» **Record set**:
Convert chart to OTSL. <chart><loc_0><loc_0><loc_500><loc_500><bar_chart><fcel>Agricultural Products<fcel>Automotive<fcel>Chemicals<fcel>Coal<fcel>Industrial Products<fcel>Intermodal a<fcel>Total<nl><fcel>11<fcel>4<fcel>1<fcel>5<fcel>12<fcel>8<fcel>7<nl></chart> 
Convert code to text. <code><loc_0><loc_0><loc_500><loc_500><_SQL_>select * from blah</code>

---

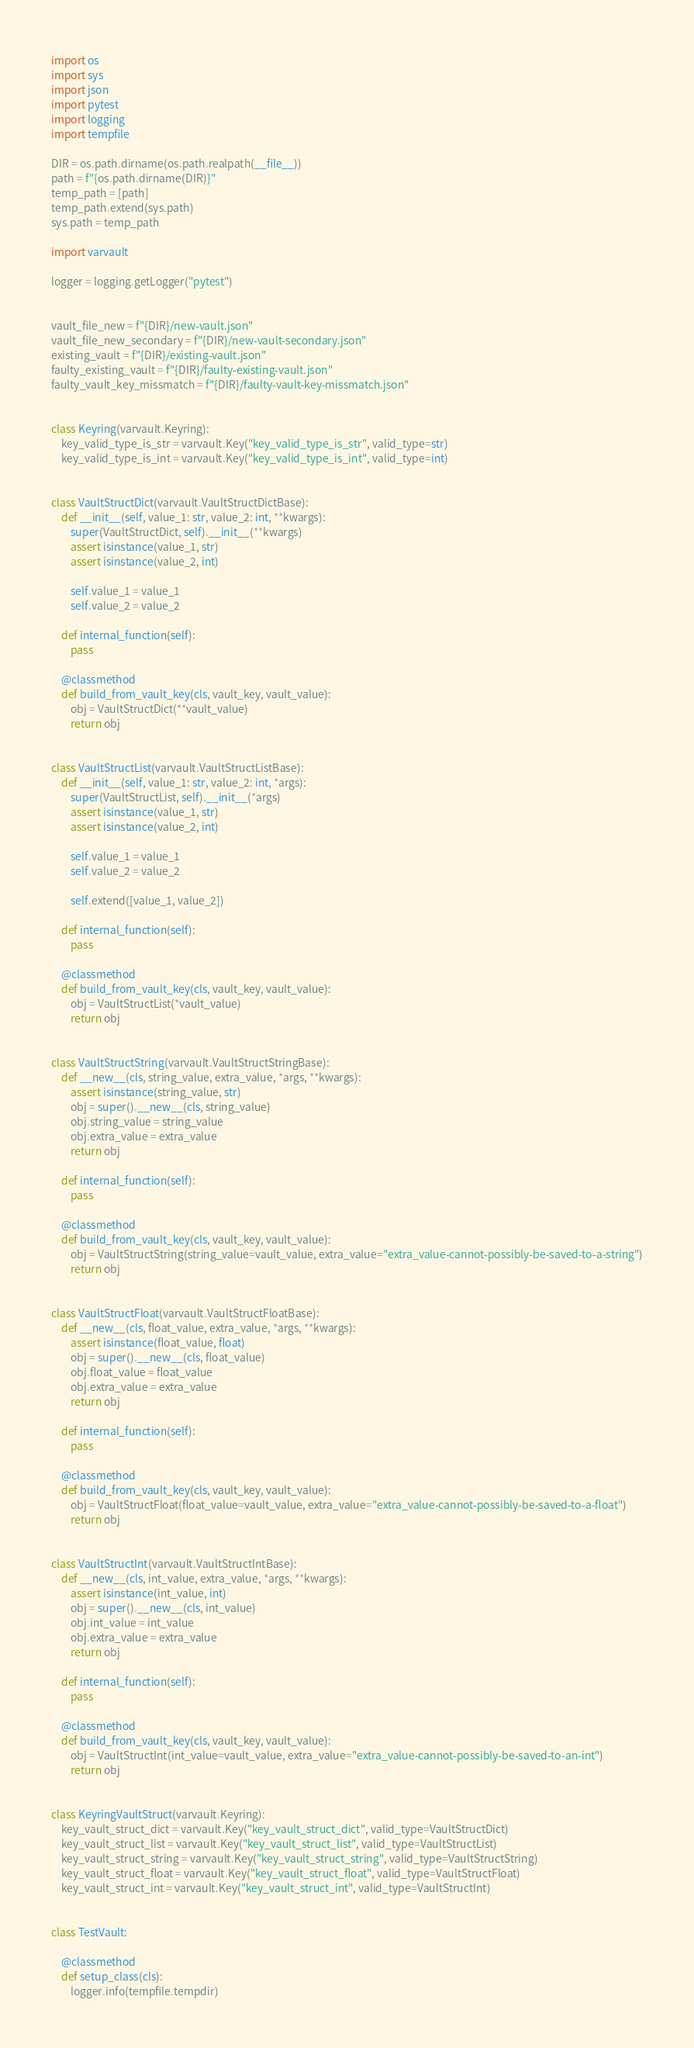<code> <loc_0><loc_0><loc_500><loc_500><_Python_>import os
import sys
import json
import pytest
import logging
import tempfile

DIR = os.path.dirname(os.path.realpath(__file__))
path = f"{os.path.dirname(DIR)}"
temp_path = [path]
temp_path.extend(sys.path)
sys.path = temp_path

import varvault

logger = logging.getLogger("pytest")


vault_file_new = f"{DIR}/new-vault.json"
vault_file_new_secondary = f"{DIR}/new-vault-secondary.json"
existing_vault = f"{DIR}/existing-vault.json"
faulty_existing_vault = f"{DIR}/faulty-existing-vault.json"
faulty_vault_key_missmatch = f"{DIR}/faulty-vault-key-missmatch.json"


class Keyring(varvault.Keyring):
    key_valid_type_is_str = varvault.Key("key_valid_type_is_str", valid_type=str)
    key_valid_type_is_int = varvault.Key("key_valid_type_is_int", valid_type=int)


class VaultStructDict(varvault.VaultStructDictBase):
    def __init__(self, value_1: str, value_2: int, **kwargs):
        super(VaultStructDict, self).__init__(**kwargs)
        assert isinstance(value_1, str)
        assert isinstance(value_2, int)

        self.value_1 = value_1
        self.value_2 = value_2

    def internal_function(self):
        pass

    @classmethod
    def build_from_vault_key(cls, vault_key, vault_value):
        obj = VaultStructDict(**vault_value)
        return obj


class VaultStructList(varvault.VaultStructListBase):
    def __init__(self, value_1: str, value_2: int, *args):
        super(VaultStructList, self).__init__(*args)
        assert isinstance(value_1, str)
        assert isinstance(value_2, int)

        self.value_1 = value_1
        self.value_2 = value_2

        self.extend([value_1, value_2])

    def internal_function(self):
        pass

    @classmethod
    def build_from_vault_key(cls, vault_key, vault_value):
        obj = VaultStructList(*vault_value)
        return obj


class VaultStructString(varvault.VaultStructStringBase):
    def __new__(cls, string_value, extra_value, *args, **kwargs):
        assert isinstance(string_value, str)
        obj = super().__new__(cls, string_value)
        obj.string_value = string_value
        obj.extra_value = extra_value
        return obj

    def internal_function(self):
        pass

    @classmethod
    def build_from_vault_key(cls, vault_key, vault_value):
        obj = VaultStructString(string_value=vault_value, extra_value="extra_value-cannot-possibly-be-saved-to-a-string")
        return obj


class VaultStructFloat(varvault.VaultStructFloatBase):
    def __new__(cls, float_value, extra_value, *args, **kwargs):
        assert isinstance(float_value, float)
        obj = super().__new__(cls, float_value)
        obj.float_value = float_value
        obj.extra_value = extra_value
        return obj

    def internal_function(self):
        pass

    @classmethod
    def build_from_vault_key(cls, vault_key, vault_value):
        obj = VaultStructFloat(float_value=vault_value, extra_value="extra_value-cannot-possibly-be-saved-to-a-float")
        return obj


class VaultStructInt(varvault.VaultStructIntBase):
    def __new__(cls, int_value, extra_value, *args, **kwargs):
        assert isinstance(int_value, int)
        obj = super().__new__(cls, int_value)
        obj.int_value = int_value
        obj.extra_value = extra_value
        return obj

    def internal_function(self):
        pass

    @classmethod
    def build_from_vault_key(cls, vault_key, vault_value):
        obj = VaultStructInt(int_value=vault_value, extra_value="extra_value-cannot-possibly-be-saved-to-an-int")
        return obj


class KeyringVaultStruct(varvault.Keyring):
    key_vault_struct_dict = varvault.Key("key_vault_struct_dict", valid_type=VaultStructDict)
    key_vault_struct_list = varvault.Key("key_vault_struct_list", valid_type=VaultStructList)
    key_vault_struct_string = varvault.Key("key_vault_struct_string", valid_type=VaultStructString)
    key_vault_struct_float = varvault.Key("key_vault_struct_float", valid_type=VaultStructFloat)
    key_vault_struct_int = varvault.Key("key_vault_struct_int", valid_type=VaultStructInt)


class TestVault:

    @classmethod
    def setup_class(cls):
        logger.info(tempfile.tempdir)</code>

---

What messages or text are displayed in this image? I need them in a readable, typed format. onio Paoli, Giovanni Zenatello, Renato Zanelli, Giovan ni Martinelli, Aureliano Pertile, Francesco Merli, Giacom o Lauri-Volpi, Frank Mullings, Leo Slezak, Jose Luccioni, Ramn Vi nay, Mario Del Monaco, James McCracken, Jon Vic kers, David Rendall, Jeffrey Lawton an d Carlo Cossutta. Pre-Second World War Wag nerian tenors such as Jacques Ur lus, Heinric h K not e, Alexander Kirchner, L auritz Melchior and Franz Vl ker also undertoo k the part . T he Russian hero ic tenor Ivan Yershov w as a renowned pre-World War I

» **Work required**: Copy out every line of the material above that mentions the word "dirname".

» **Task solution**:
DIR = os.path.dirname(os.path.realpath(__file__))
path = f"{os.path.dirname(DIR)}"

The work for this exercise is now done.